[The Life of George Washington, Vol. 3 (of 5) by John Marshall]@TWC D-Link bookThe Life of George Washington, Vol. 3 (of 5) CHAPTER III 13/31
To facilitate its success, the resolution was also taken to enter the country of the Senecas at the same time, by the way of the Mohawk.
The officer commanding on the east of the Hudson was desired to take measures for carrying this resolution into execution; and the commissioners for Indian affairs, at Albany, were directed to co-operate with him. Unfortunately, the acts of the government did not correspond with the vigour of its resolutions.

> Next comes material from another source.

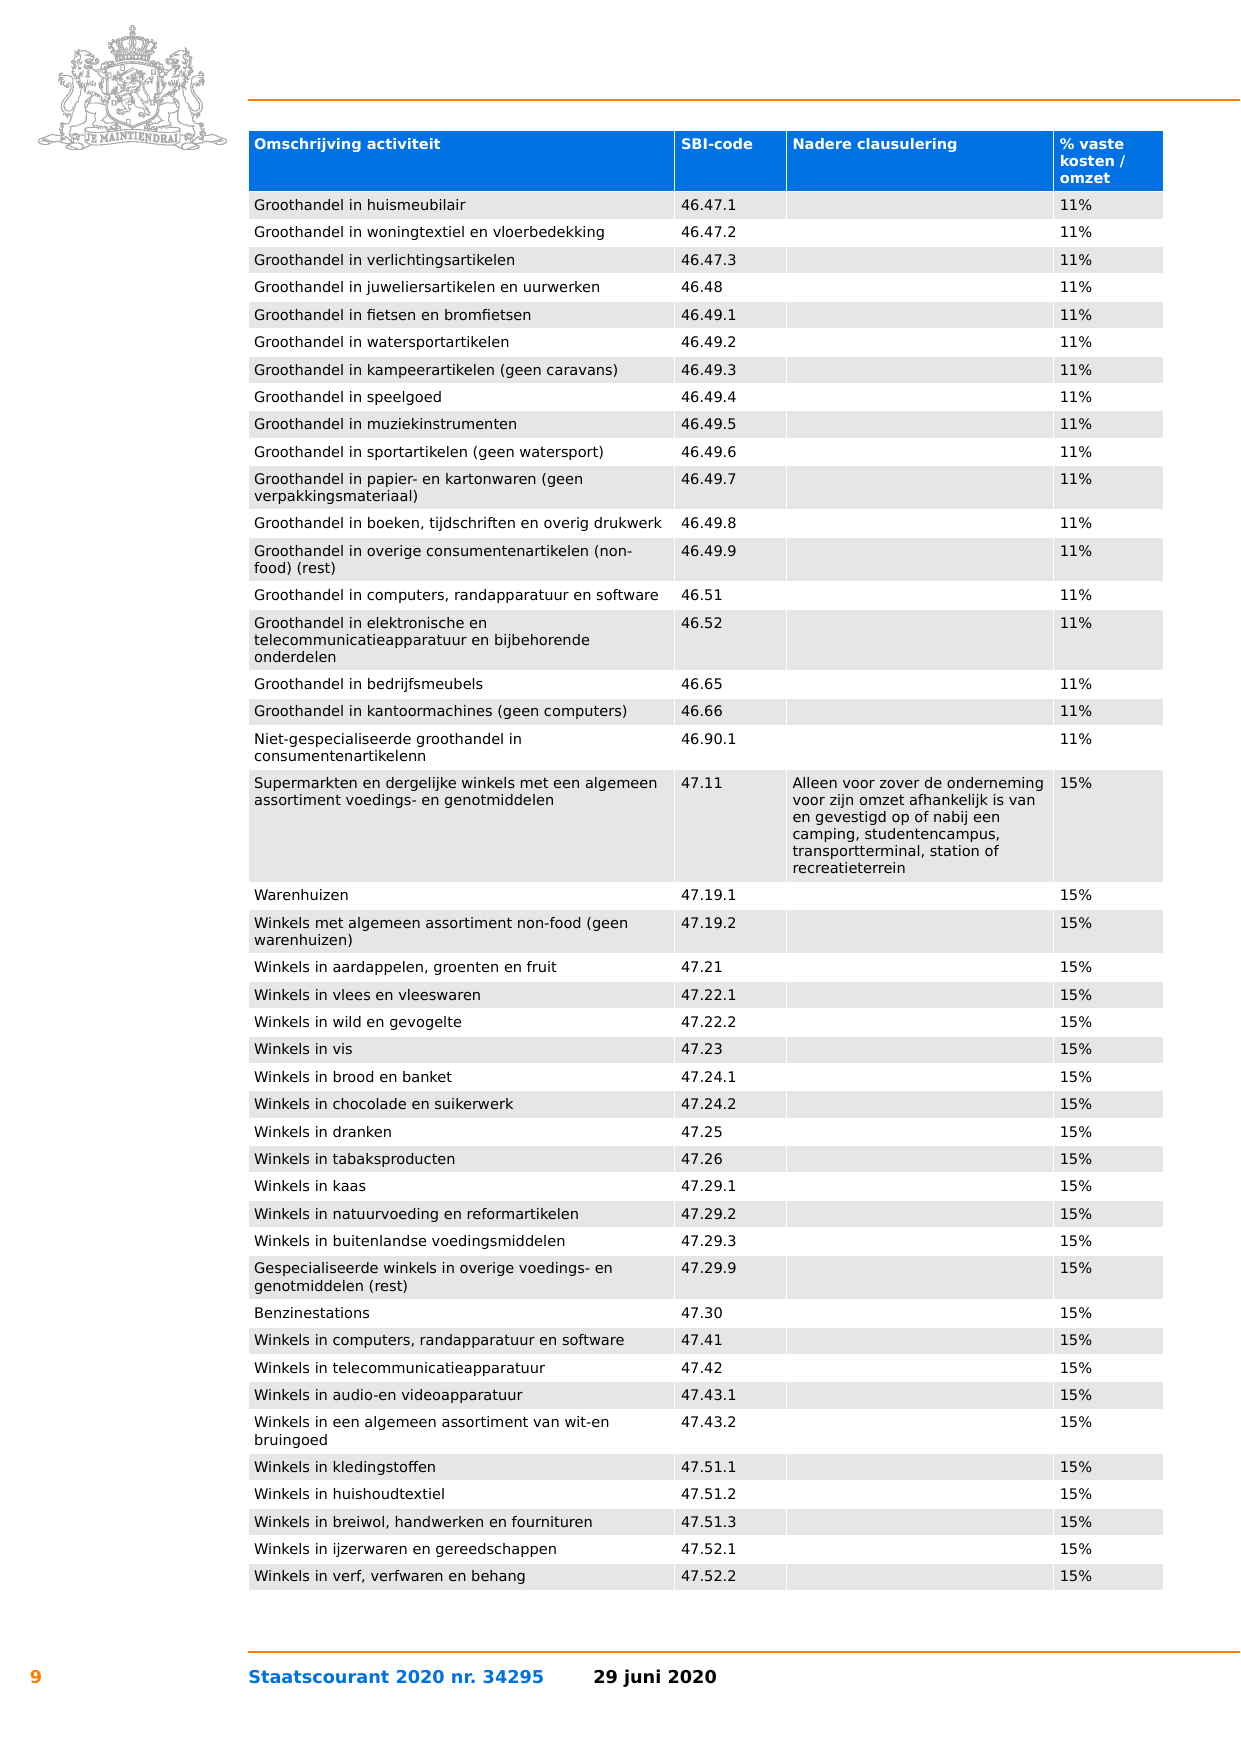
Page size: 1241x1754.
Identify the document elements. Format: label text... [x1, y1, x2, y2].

The necessary preparations were not made, and the inhabitants of the frontiers remained without sufficient protection, until the plans against them were matured, and the storm which had been long gathering, burst upon them with a fury which spread desolation wherever it reached. [Sidenote: Colonel John Butler, with a party of Indians, breaks into the Wyoming settlement.] About three hundred white men, commanded by Colonel John Butler, and about five hundred Indians, led by the Indian chief Brandt, who had assembled in the north, marched late in June against the settlement of Wyoming.
These troops embarked on the Chemung or Tyoga, and descending the Susquehanna, landed at a place called the Three Islands, whence they marched about twenty miles, and crossing a wilderness, and passing through a gap in the mountain, entered the valley of Wyoming near its northern boundary.
At this place a small fort called Wintermoots had been erected, which fell into their hands without resistance, and was burnt.